And since then the US Embassy has been housed in the western neighborhood of Arnona in what was formally the US Consulate. However, recent reports reveal that there are plans to build a new embassy on a plot of land known as the Allenby Barracks. This plot of land was rented to the British during the mandate by multiple Palestinian families, including the family of today’s guest, professor Rashid Khalidi, Al-Shabaka member, renowned historian, and the Edward Said professor of Arab Studies at Columbia University.

Now, unlike many Palestinian families, the Khalidis have been able to show proof of ownership through written documentation. Indeed, the Palestinian Human Rights Organization, Adalah found rental agreements between the Khalidis and other Palestinian families and the British mandate authorities in Israeli regime archives.

Of course, this particular case of land theft and US complicity is not unique and needs to be seen as part and parcel of a pattern of colonization across Palestine. Joining me for this episode to discuss all of this and more is the aforementioned Professor Rashid Khalidi. Professor Khalidi, thank you so much for joining me on Rethinking Palestine.

Rashid Khalidi 2:08

Thanks so much for having me.

Yara Hawari 2:10

Perhaps you can start us off by outlining the particularities of this case and telling us a bit more about the piece of land in Jerusalem.

Rashid Khalidi 2:20

This was the main garrison for the British military occupation of Palestine in the Jerusalem area. Named for General Allenby, who actually was the conqueror of Jerusalem in 1917.

It was rented from a number of families. In many cases Awqaf from Pius foundations. The most important of which was the Al Khalili waqf, which many, many, many Jerusalem families are beneficiaries of. My family is one of the beneficiaries of that waqf and then many other pieces of private land. So it’s a very large property, almost all of which was taken up for the Allenby Barracks by the British.

These are properties that the British paid rent on throughout the period that their forces were in Jerusalem to the owners of the property.

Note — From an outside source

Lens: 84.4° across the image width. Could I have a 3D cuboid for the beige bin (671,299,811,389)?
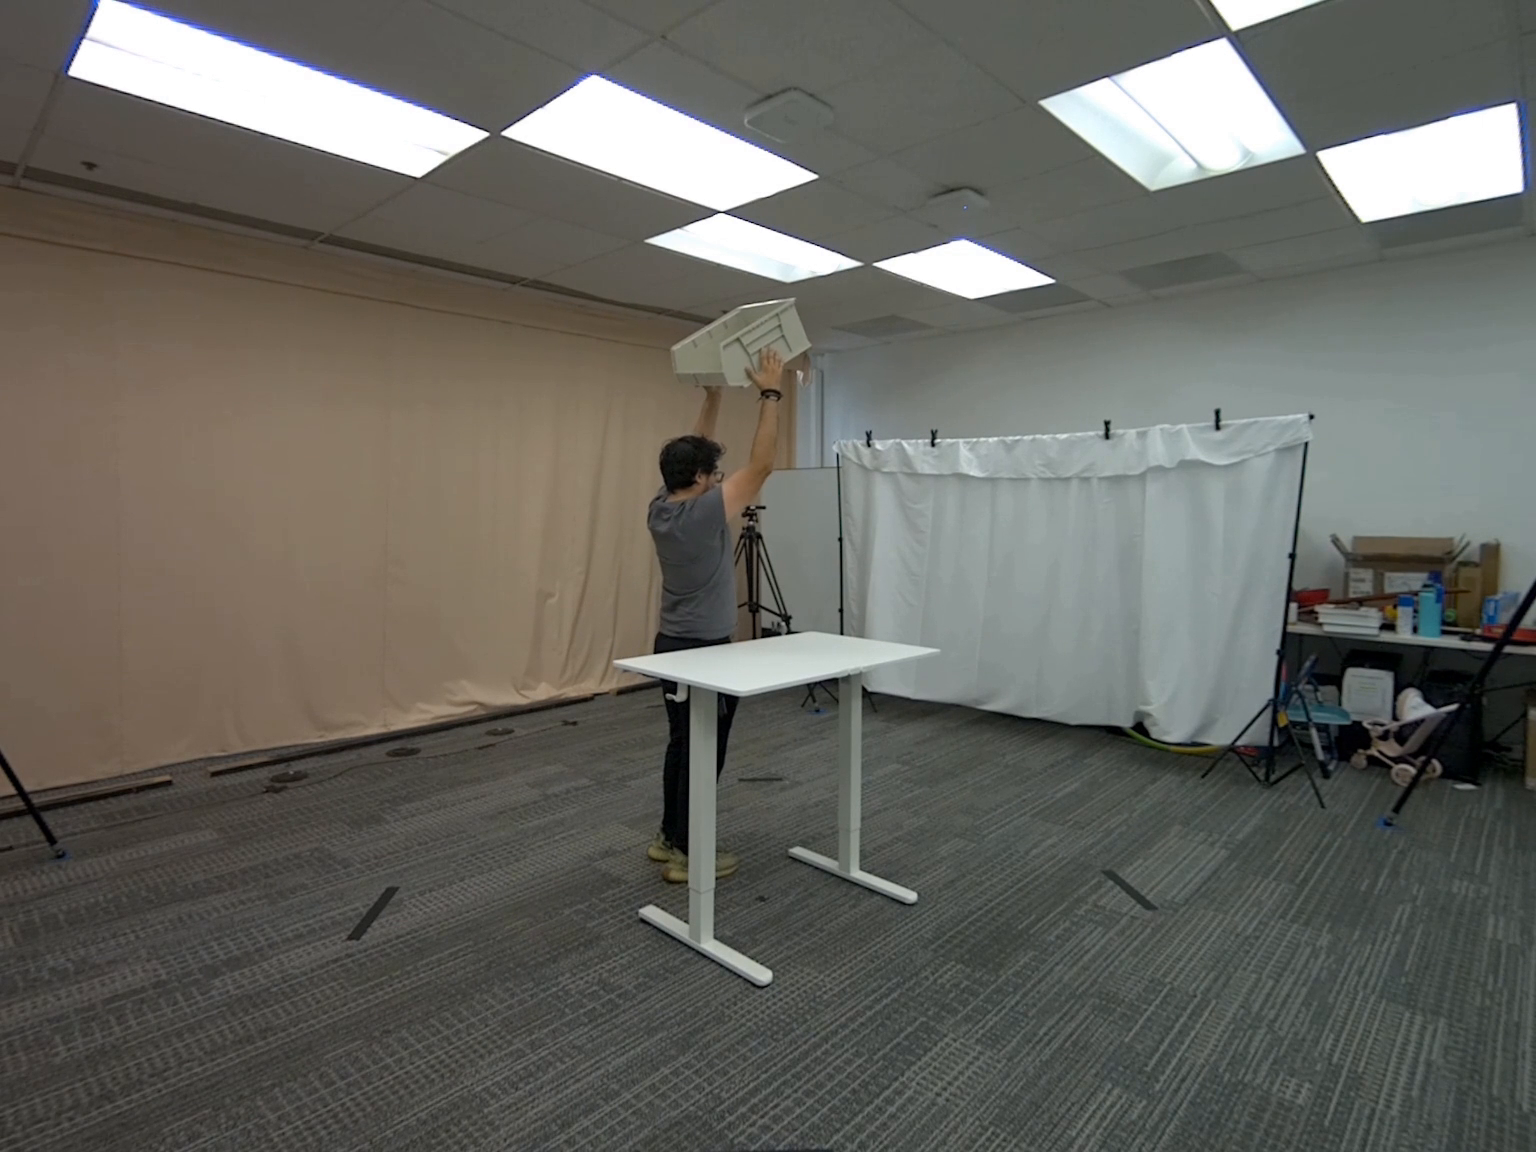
[{"bbox_3d":[-0.109,-0.841,3.127,0.374,0.185,0.436,-36,26,-19],"label":"beige bin"}]

And what Adalah has done building on the research of Walid Khalidi and others back in the 1990s when this plan originally surfaced, was to search both British and Israeli records for evidence of these agreements and for evidence of ownership by the various families involved.

So the Israeli regime appropriated this particular piece of land through the 1950 Absentee Property Law, which was the legal mechanism they used to justify or facilitate this appropriation. Can you tell me a bit more about this particular law and how it’s been mobilized, not just in Jerusalem, but across Palestine?

I think to understand the Absentee Property Law, you have to understand how settler colonial regimes operate. They operate on two registers, one being land and property, and one being population. So they try to change the population of the territory being settled with new colonists from Europe. And they try and take over property.

You can see how this operated in Ireland, you can see how this operated in Algeria and in other settler colonies in the United States. So there are a variety of legal regimes whereby property that is either the collective property of the indigenous population or the private property or in this case waqf property, a belonging to the original inhabitants of the country being colonized is seized.

It is an American historian Caroline Elkins, who has a term for the use of violence in colonial situations. She calls it legalized lawlessness. So what the Israelis needed to do, After they occupied 78% of Palestine in 1948 was to take over the overwhelming majority of Palestinian land that they did not own.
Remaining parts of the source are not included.